Lines of the records that hold the word "right" are to be counted; give the number and nothing more.

▶ _EXERCISE MATERIAL_
====================

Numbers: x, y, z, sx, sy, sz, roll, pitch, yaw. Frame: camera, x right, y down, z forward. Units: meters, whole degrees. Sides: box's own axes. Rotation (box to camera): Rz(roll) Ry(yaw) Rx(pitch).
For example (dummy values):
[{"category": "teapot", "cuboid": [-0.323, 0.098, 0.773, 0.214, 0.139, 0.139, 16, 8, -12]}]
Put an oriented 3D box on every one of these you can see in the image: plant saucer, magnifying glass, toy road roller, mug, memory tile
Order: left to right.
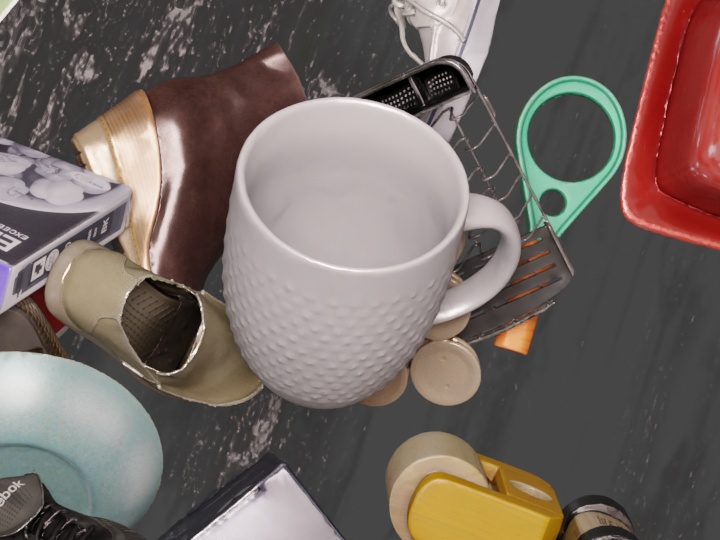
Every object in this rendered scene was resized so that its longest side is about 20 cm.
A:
[{"category": "plant saucer", "cuboid": [-0.230, 0.142, 1.684, 0.200, 0.039, 0.202, -4, 129, -5]}, {"category": "memory tile", "cuboid": [0.000, 0.000, 1.718, 0.153, 0.017, 0.201, -2, 113, 13]}, {"category": "mug", "cuboid": [0.008, -0.002, 1.633, 0.199, 0.176, 0.148, -7, 52, -17]}, {"category": "toy road roller", "cuboid": [0.096, 0.212, 1.730, 0.199, 0.123, 0.146, 24, 97, -4]}, {"category": "magnifying glass", "cuboid": [0.133, -0.040, 1.791, 0.079, 0.022, 0.201, 17, 87, -4]}]

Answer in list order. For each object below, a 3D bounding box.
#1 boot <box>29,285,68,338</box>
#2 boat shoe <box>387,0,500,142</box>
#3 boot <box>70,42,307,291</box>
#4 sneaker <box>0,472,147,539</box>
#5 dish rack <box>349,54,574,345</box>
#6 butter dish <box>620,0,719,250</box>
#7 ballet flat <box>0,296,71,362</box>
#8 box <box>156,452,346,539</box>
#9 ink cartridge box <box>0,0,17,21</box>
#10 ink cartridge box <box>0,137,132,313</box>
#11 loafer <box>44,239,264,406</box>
[{"category": "boot", "cuboid": [-0.271, 0.039, 1.691, 0.199, 0.144, 0.073, -25, 88, -7]}, {"category": "boat shoe", "cuboid": [0.053, -0.191, 1.764, 0.086, 0.075, 0.203, 16, 84, -5]}, {"category": "boot", "cuboid": [-0.092, -0.040, 1.748, 0.166, 0.072, 0.201, -23, 101, -14]}, {"category": "sneaker", "cuboid": [-0.197, 0.170, 1.591, 0.066, 0.200, 0.091, -46, 110, -24]}, {"category": "dish rack", "cuboid": [0.047, -0.039, 1.728, 0.153, 0.055, 0.200, -24, 104, 21]}, {"category": "butter dish", "cuboid": [0.299, -0.109, 1.745, 0.199, 0.148, 0.200, 14, 86, -4]}, {"category": "ballet flat", "cuboid": [-0.215, 0.073, 1.695, 0.067, 0.200, 0.046, -15, 47, 7]}, {"category": "box", "cuboid": [-0.096, 0.227, 1.670, 0.196, 0.200, 0.118, -39, 91, -5]}, {"category": "ink cartridge box", "cuboid": [-0.311, -0.242, 1.741, 0.200, 0.048, 0.146, 39, 85, 1]}, {"category": "ink cartridge box", "cuboid": [-0.283, -0.037, 1.643, 0.197, 0.200, 0.044, 21, 121, 19]}, {"category": "loafer", "cuboid": [-0.123, 0.045, 1.662, 0.200, 0.068, 0.076, 29, 87, -46]}]

====================

▶ _TASK RESPONSE_
2